When Sue Gillard, a nurse at the local Jefferson County hospital in Port Townsend, who had already told her real life story to the camera for "Curse," heard her husband Steve's report about being in additional scenes (he'd acted in several the previous day), she was jealous. Sue had become increasingly active in theatrical productions around town and wanted to be more involved in anything regarding performance. "Why Steve (not really the theatrical type...) and not me," she wondered aloud. She didn't know that the scenes shot had established a direct link between Steve and Marie, and that the whole production was moving inexorably toward her, the "wife" character.
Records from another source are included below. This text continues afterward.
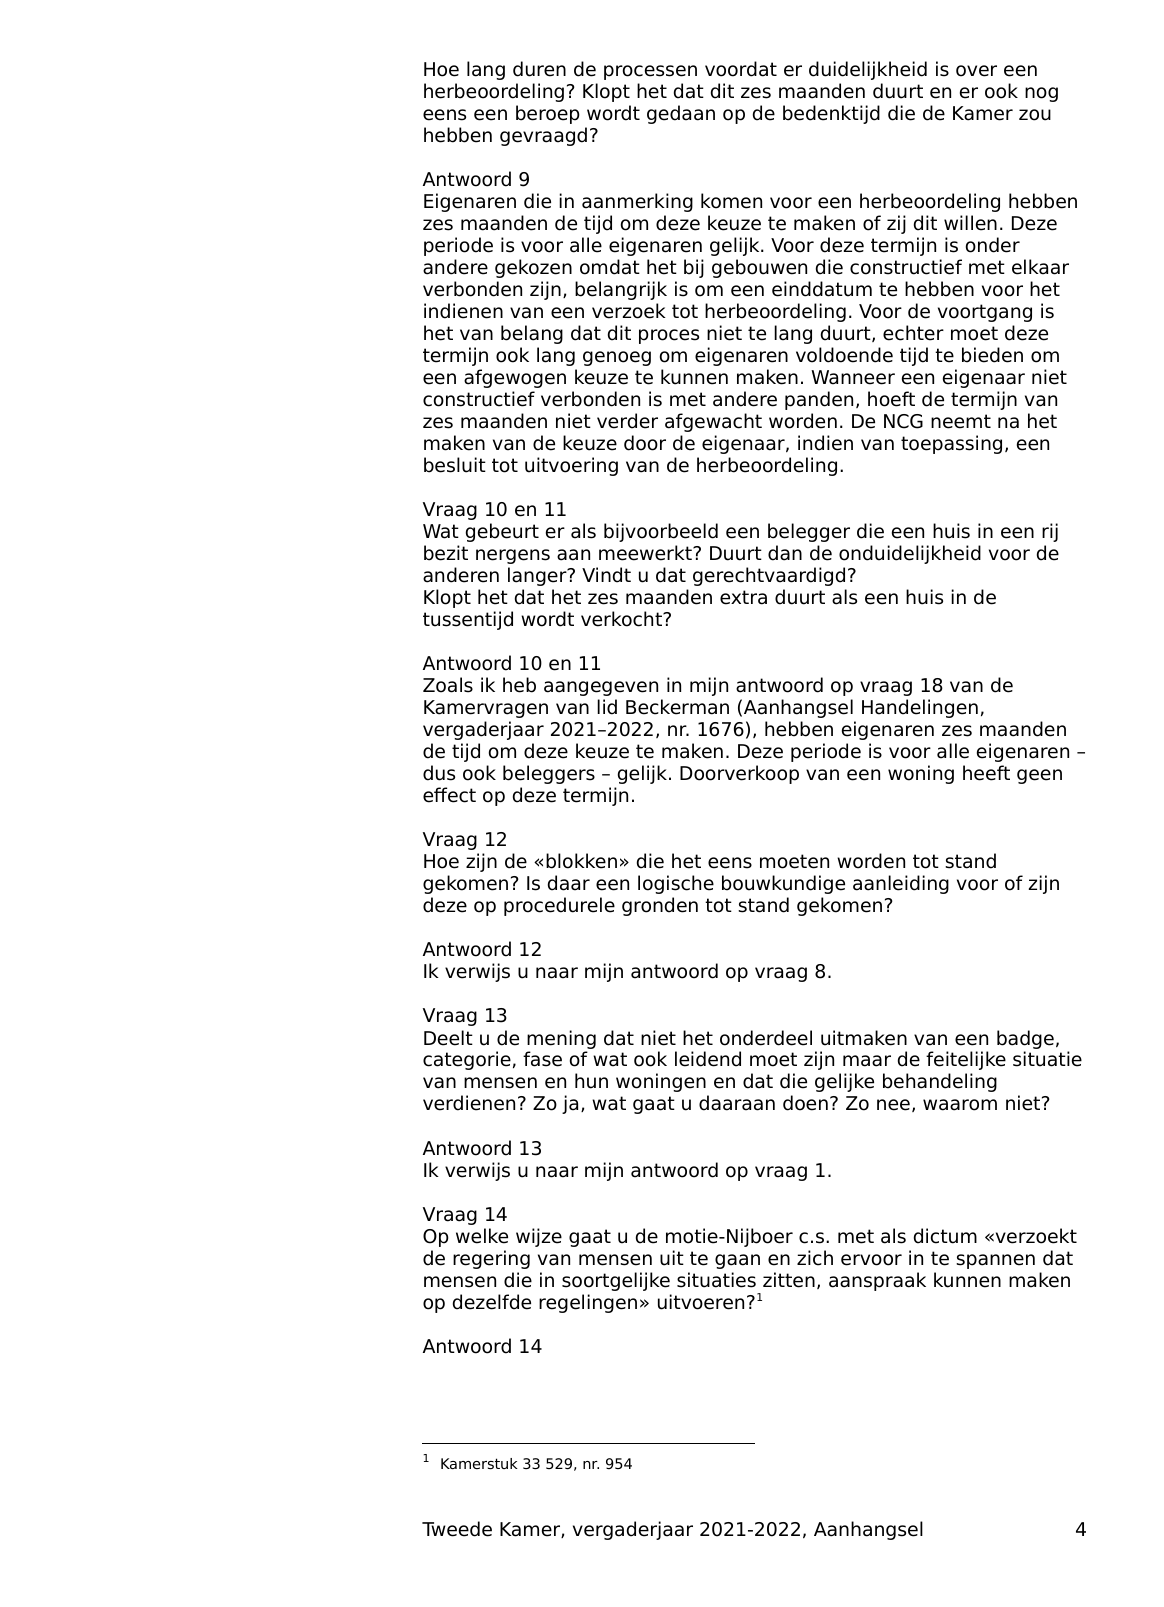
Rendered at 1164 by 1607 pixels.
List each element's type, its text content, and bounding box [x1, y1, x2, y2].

text Antwoord 12 [422, 939, 1087, 961]
text Eigenaren die in aanmerking komen voor een herbeoordeling hebben zes maanden de tijd om deze keuze te maken of zij dit willen. Deze periode is voor alle eigenaren gelijk. Voor deze termijn is onder andere gekozen omdat het bij gebouwen die constructief met elkaar verbonden zijn, belangrijk is om een einddatum te hebben voor het indienen van een verzoek tot herbeoordeling. Voor de voortgang is het van belang dat dit proces niet te lang duurt, echter moet deze termijn ook lang genoeg om eigenaren voldoende tijd te bieden om een afgewogen keuze te kunnen maken. Wanneer een eigenaar niet constructief verbonden is met andere panden, hoeft de termijn van zes maanden niet verder afgewacht worden. De NCG neemt na het maken van de keuze door de eigenaar, indien van toepassing, een besluit tot uitvoering van de herbeoordeling. [422, 191, 1087, 477]
text Deelt u de mening dat niet het onderdeel uitmaken van een badge, categorie, fase of wat ook leidend moet zijn maar de feitelijke situatie van mensen en hun woningen en dat die gelijke behandeling verdienen? Zo ja, wat gaat u daaraan doen? Zo nee, waarom niet? [422, 1027, 1087, 1115]
text Ik verwijs u naar mijn antwoord op vraag 1. [422, 1159, 1087, 1181]
text Wat gebeurt er als bijvoorbeeld een belegger die een huis in een rij bezit nergens aan meewerkt? Duurt dan de onduidelijkheid voor de anderen langer? Vindt u dat gerechtvaardigd? [422, 521, 1087, 587]
text Vraag 10 en 11 [422, 499, 1087, 521]
text Op welke wijze gaat u de motie-Nijboer c.s. met als dictum «verzoekt de regering van mensen uit te gaan en zich ervoor in te spannen dat mensen die in soortgelijke situaties zitten, aanspraak kunnen maken op dezelfde regelingen» uitvoeren? [422, 1226, 1087, 1313]
text Vraag 13 [422, 1005, 1087, 1027]
text Antwoord 9 [422, 169, 1087, 191]
text Antwoord 10 en 11 [422, 653, 1087, 675]
text Hoe lang duren de processen voordat er duidelijkheid is over een herbeoordeling? Klopt het dat dit zes maanden duurt en er ook nog eens een beroep wordt gedaan op de bedenktijd die de Kamer zou hebben gevraagd? [422, 59, 1087, 147]
text Klopt het dat het zes maanden extra duurt als een huis in de tussentijd wordt verkocht? [422, 587, 1087, 631]
text Antwoord 14 [422, 1336, 1087, 1358]
text Vraag 12 [422, 829, 1087, 851]
text Ik verwijs u naar mijn antwoord op vraag 8. [422, 961, 1087, 983]
text Vraag 14 [422, 1204, 1087, 1226]
text Hoe zijn de «blokken» die het eens moeten worden tot stand gekomen? Is daar een logische bouwkundige aanleiding voor of zijn deze op procedurele gronden tot stand gekomen? [422, 851, 1087, 917]
text Antwoord 13 [422, 1137, 1087, 1159]
text Kamerstuk 33 529, nr. 954 [422, 1452, 1087, 1474]
text Zoals ik heb aangegeven in mijn antwoord op vraag 18 van de Kamervragen van lid Beckerman (Aanhangsel Handelingen, vergaderjaar 2021–2022, nr. 1676), hebben eigenaren zes maanden de tijd om deze keuze te maken. Deze periode is voor alle eigenaren – dus ook beleggers – gelijk. Doorverkoop van een woning heeft geen effect op deze termijn. [422, 675, 1087, 807]

At some point in the afternoon on Day-3, Rick asked his production assistant to call Sue and tell her they were coming to shoot at her house. "When are they getting here?" Sue asked. When she was told, "They're on their way now," she flew into a panic. Her house was a mess, she wanted to straighten up, do the dishes... As it turned out, the climactic scene at the Gillards' house is a tour de force of spontaneity. Sue and her daughter Jessica were caught completely off guard by the arrival of "Marie," who, in front of a chagrined Steve, confronts the household with the fact of their plans to run off to Thailand together. Of course with their improvisational backgrounds (Jessica had been in high school acting workshops and her mother had been involved in several local theatrical productions), the real women of Steve's household performed their roles of outrage perfectly, enacting what it would be like to lose a father and husband in this dramatic way.

"It's always safer to let actors know as little as possible beforehand," Rick asserts. All the performers in Chetzemoka's Curse displayed an amazing ability to improvise on the barest suggestion and without knowing the direction a scene would take. Rick and Morgan have a knack of making people feel safe enough in front of the camera, so that they are able to accept its presence and reveal their innermost feelings. As a director, Rick has an uncanny sense of what to say to prompt them to reach deeper and when its appropriate to take this step. A gifted cinematographer himself, Rick has gradually turned over the shooting to son Morgan . A wise move - Morgan's intuitive camerawork makes it look simple to shoot these unrehearsed scenes on the fly, which are, to say the least, unpredictable. Recently, San Francisco DP Lloyd Francis has helped Rick shoot movies while Morgan is busy as Documentarian at Skywalker Ranch for George Lucas.

After witnessing more than one FW over the years, I have learned a good deal about the technique of Used-Car Prices movie-making, and even more about human nature. In all that time, I don't recall ever seeing anyone turn Rick down when asked to help out in some way, grant the use of a location, appear in a scene, or even tell a true-life story close-up and personal, right to the camera. And if anyone makes the mistake of thinking "Hollywood," and tries to exploit the situation or fears being taken advantage of, they usually relax when Rick explains he is doing this crazy, illogical thing, making a "no-budget" movie not for money at all, but for the sheer love of the art form.